8. Au sujet des mesures administratives, (point 4 de la Liste des points à traiter), M. Zaffaroni dit que l'Institut national de lutte contre la discrimination, la xénophobie et le racisme, qui a été créé en 1995, non seulement exerce des fonctions de sensibilisation, de formation et d'information mais également reçoit et examine des plaintes, qu'il peut transmettre, le cas échéant, aux autorités compétentes. Dans ce cadre, il a obtenu que des mesures soient prises en faveur des droits des homosexuels (en matière de protection sociale et de santé), des personnes âgées (accès au crédit) et des handicapés (moyens de locomotion). Entre autres activités, il appuie actuellement les démarches de familles qui veulent donner des prénoms autochtones à leurs enfants.
9. Enfin, pour ce qui touche la répression, l'adoption du Code des infractions, qui réglemente désormais le traitement des infractions mineures au niveau local, a permis d'éliminer l'une des principales causes d'arbitraire à l'encontre des minorités. Certes, tous les problèmes ne sont pas réglés, mais des progrès considérables ont été réalisés, notamment dans la ville de Buenos Aires, afin non seulement d'élargir les espaces d'autonomie de la population, mais aussi de lutter efficacement contre la corruption de la police.
10. M. DESPOUY (Argentine), répondant sur les points 5 et 6 de la Liste, dit que, dans le processus de démocratisation de l'Argentine, un grand pas a été franchi avec la réforme constitutionnelle de 1994 qui prévoit que toute une série d'instruments internationaux, dont la Déclaration américaine des droits et devoirs de l'homme, la Déclaration universelle des droits de l'homme et le Pacte international relatif aux droits civils et politiques, ont valeur constitutionnelle, complètent les droits et garanties énoncés dans la Constitution et ne peuvent être dénoncés qu'à l'issue d'une procédure spéciale qui doit être approuvée par une majorité des deux tiers de chaque chambre du Parlement.
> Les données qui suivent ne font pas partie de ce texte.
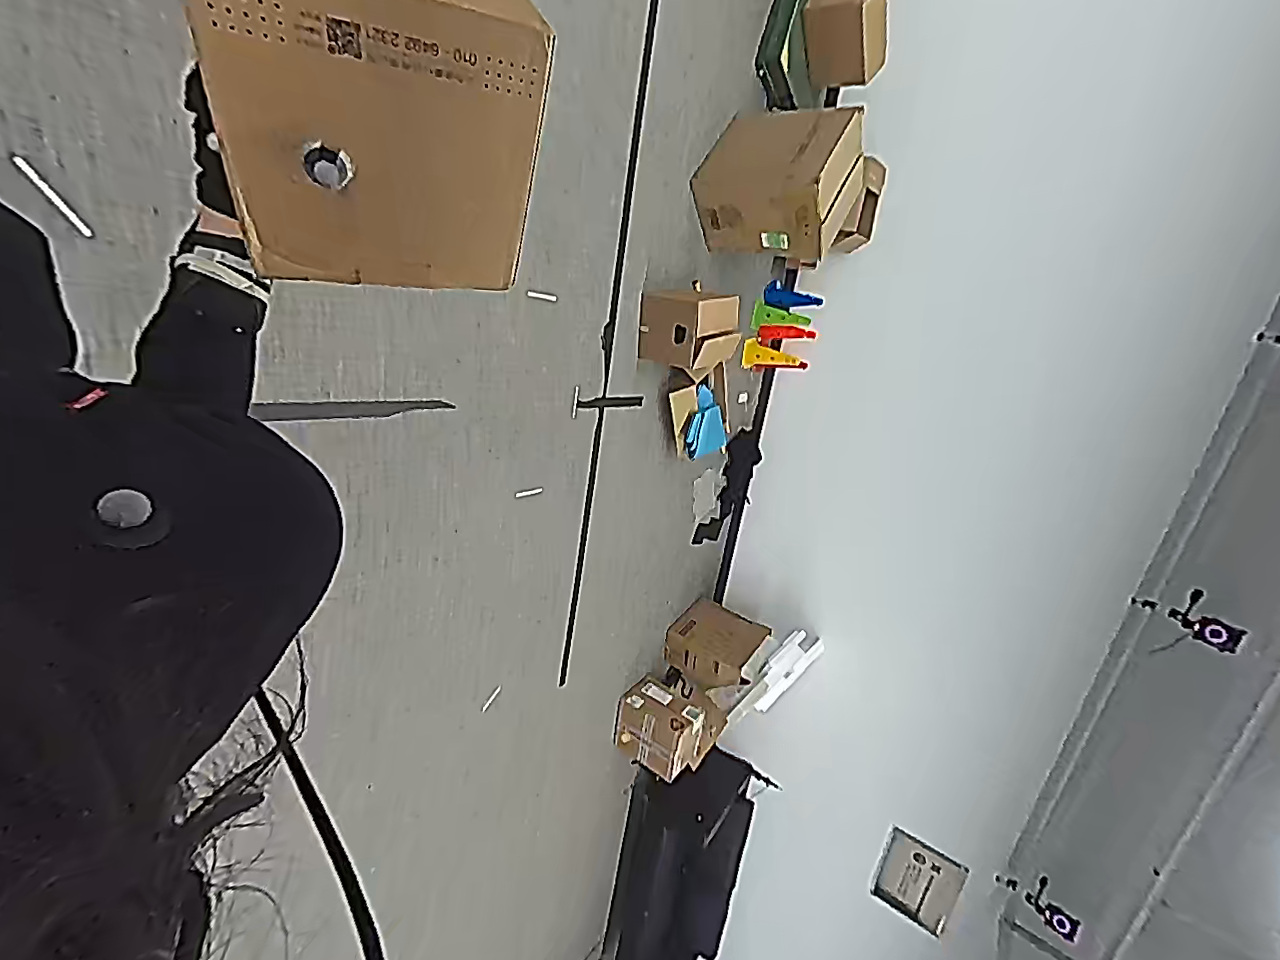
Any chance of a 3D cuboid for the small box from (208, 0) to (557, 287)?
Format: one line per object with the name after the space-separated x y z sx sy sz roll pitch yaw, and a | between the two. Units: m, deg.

11. Pour ce qui est de la pratique, bien avant la réforme constitutionnelle, la jurisprudence établissait déjà la primauté des instruments internationaux ratifiés par l'Argentine sur la législation nationale. La Cour constitutionnelle et la Cour de cassation ont rendu à plusieurs reprises des arrêts reconnaissant l'application directe des traités internationaux et leur valeur constitutionnelle. En outre, si la responsabilité de l'État est engagée au niveau national dans ce domaine, les provinces sont également tenues d'adapter leur législation, dans leurs domaines de compétence respectifs. Par ailleurs, la nouvelle Constitution consacre une série de droits nouveaux, concernant l'environnement et les consommateurs notamment. Les droits de recours en amparo et en habeas corpus sont reconnus, non seulement en cas de violation des dispositions constitutionnelles mais aussi lorsque les dispositions des traités internationaux sont invoquées. Leur exercice permet notamment aux juges d'intervenir pour examiner des conditions de détention, même en période d'état de siège. À cet égard, l'Argentine respecte pleinement les dispositions de l'article 4 du Pacte.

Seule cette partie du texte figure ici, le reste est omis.